[Work request]
Line for line, return the data exactly, omitting all pictures.

Entries taken from a collection
+===+

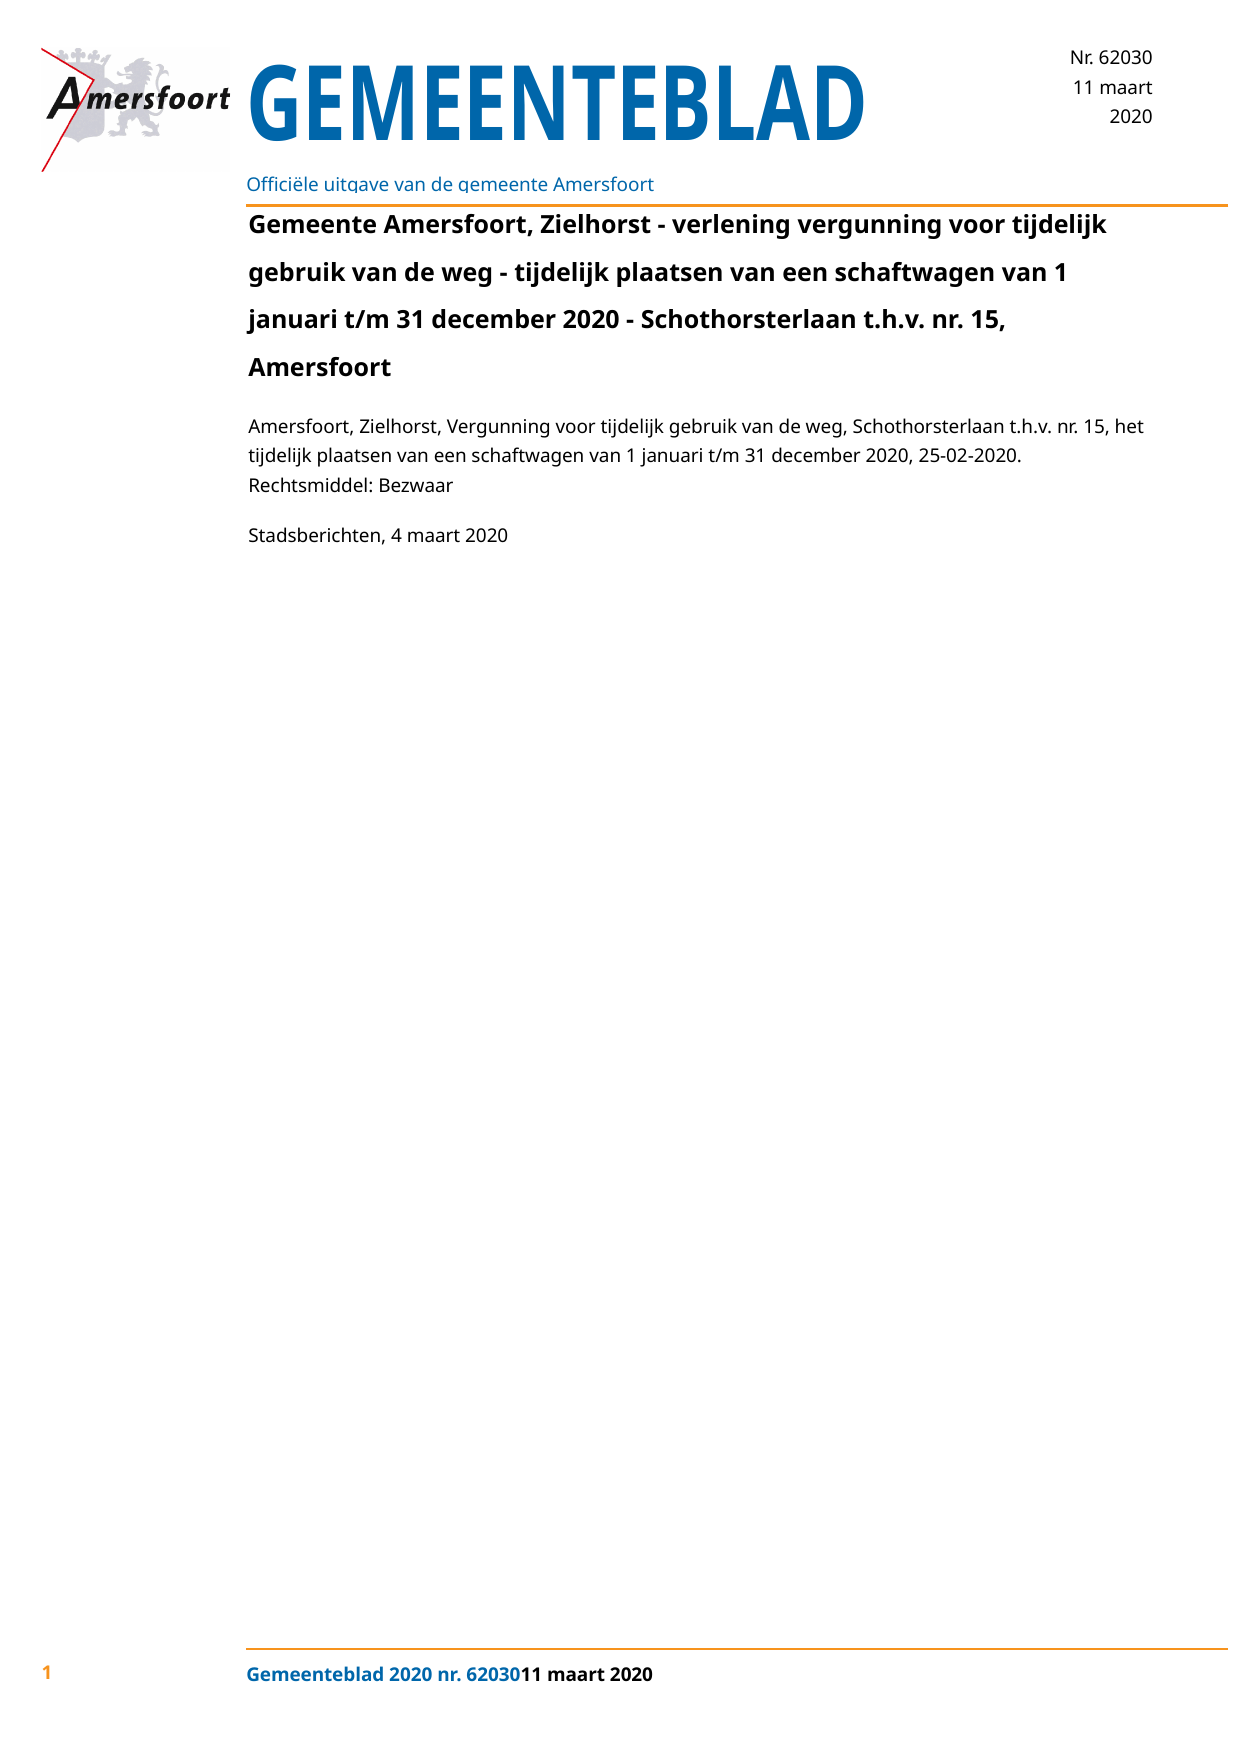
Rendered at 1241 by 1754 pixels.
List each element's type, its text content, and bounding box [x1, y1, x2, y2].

text Amersfoort, Zielhorst, Vergunning voor tijdelijk gebruik van de weg, Schothorsterlaan t.h.v. nr. 15, het tijdelijk plaatsen van een schaftwagen van 1 januari t/m 31 december 2020, 25-02-2020. Rechtsmiddel: Bezwaar [248, 413, 1152, 498]
picture [41, 47, 231, 172]
text Stadsberichten, 4 maart 2020 [248, 523, 1152, 548]
text Gemeente Amersfoort, Zielhorst - verlening vergunning voor tijdelijk gebruik van de weg - tijdelijk plaatsen van een schaftwagen van 1 januari t/m 31 december 2020 - Schothorsterlaan t.h.v. nr. 15, Amersfoort [248, 207, 1152, 384]
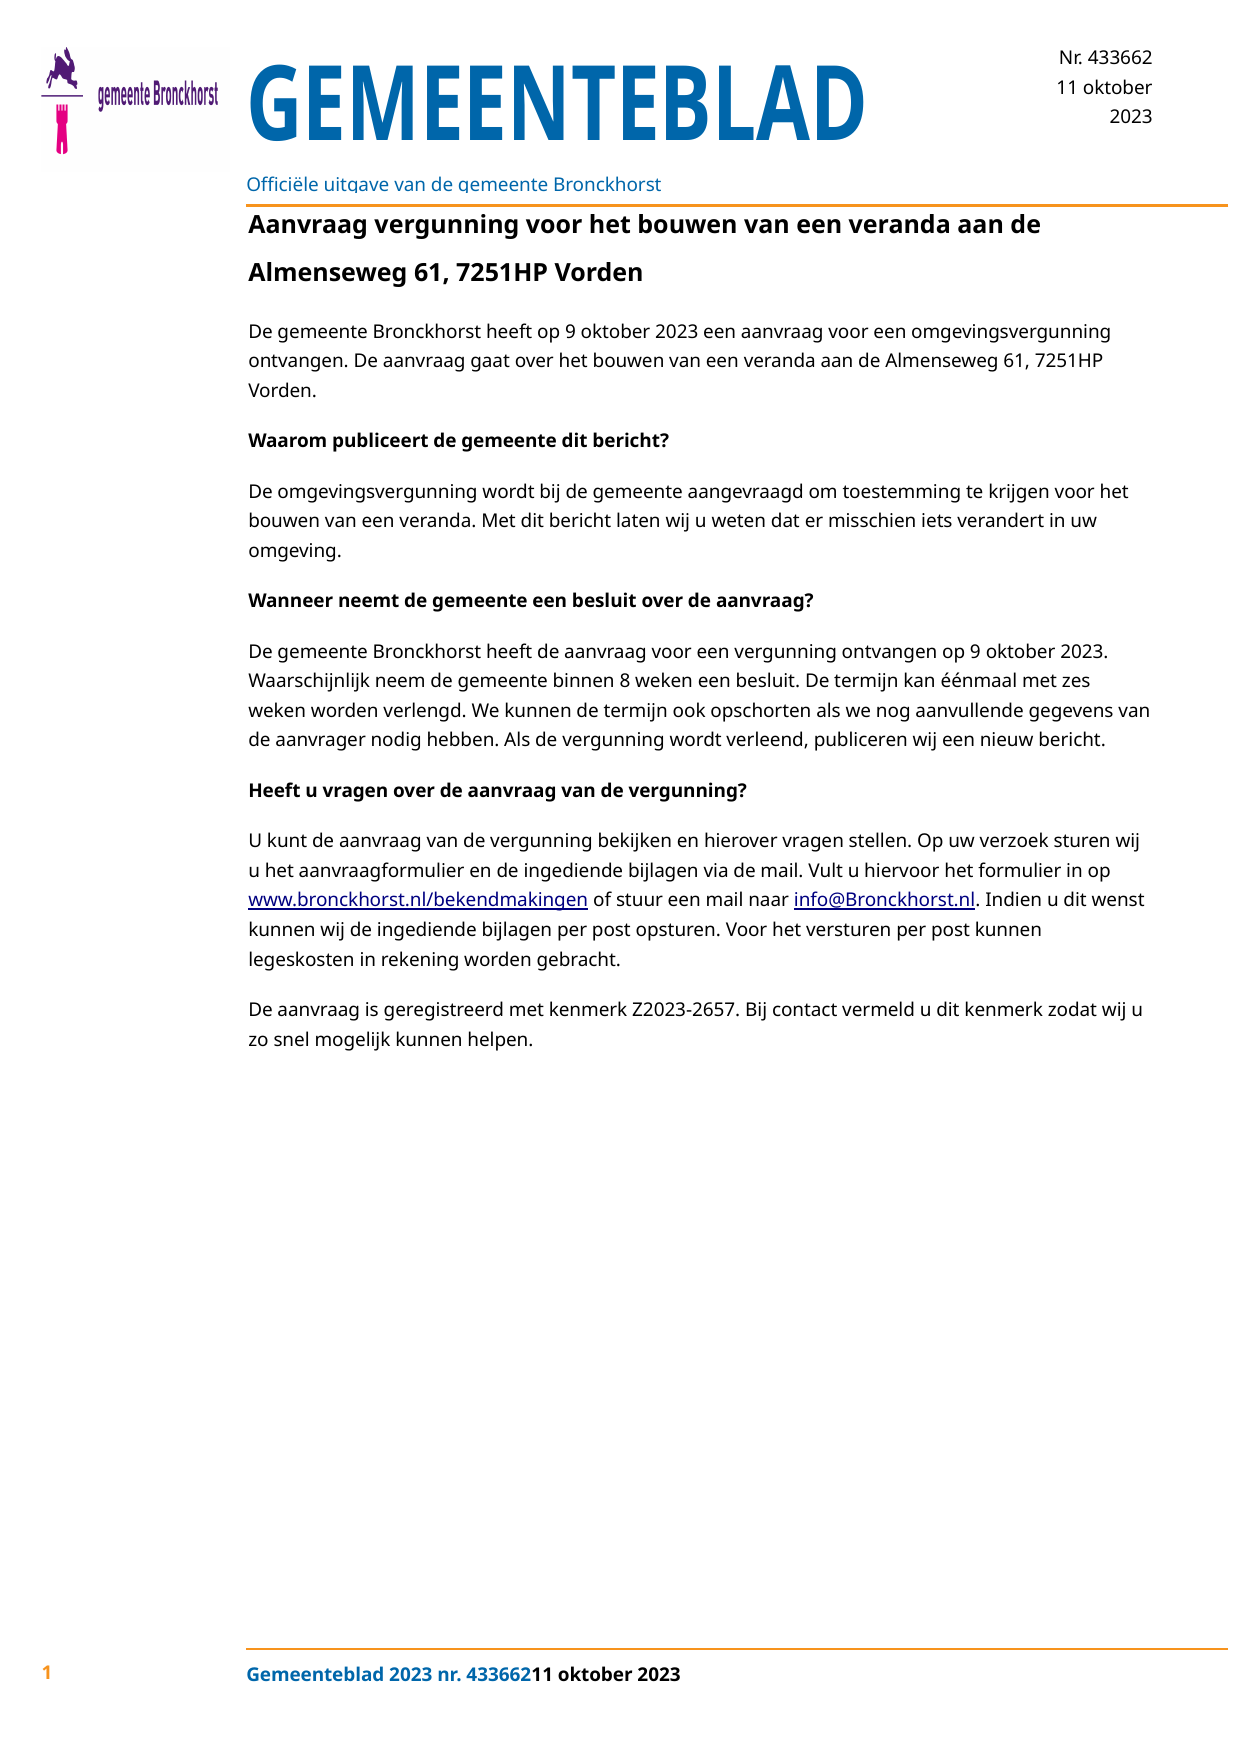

+===+

[Response to this task]
Rendered at 1241 by 1754 pixels.
List each element's type, its text content, and bounding box [x1, y1, x2, y2].

text Amersfoort, Zielhorst, Vergunning voor tijdelijk gebruik van de weg, Schothorsterlaan t.h.v. nr. 15, het tijdelijk plaatsen van een schaftwagen van 1 januari t/m 31 december 2020, 25-02-2020. Rechtsmiddel: Bezwaar [248, 413, 1152, 498]
picture [41, 47, 231, 172]
text Stadsberichten, 4 maart 2020 [248, 523, 1152, 548]
text Gemeente Amersfoort, Zielhorst - verlening vergunning voor tijdelijk gebruik van de weg - tijdelijk plaatsen van een schaftwagen van 1 januari t/m 31 december 2020 - Schothorsterlaan t.h.v. nr. 15, Amersfoort [248, 207, 1152, 384]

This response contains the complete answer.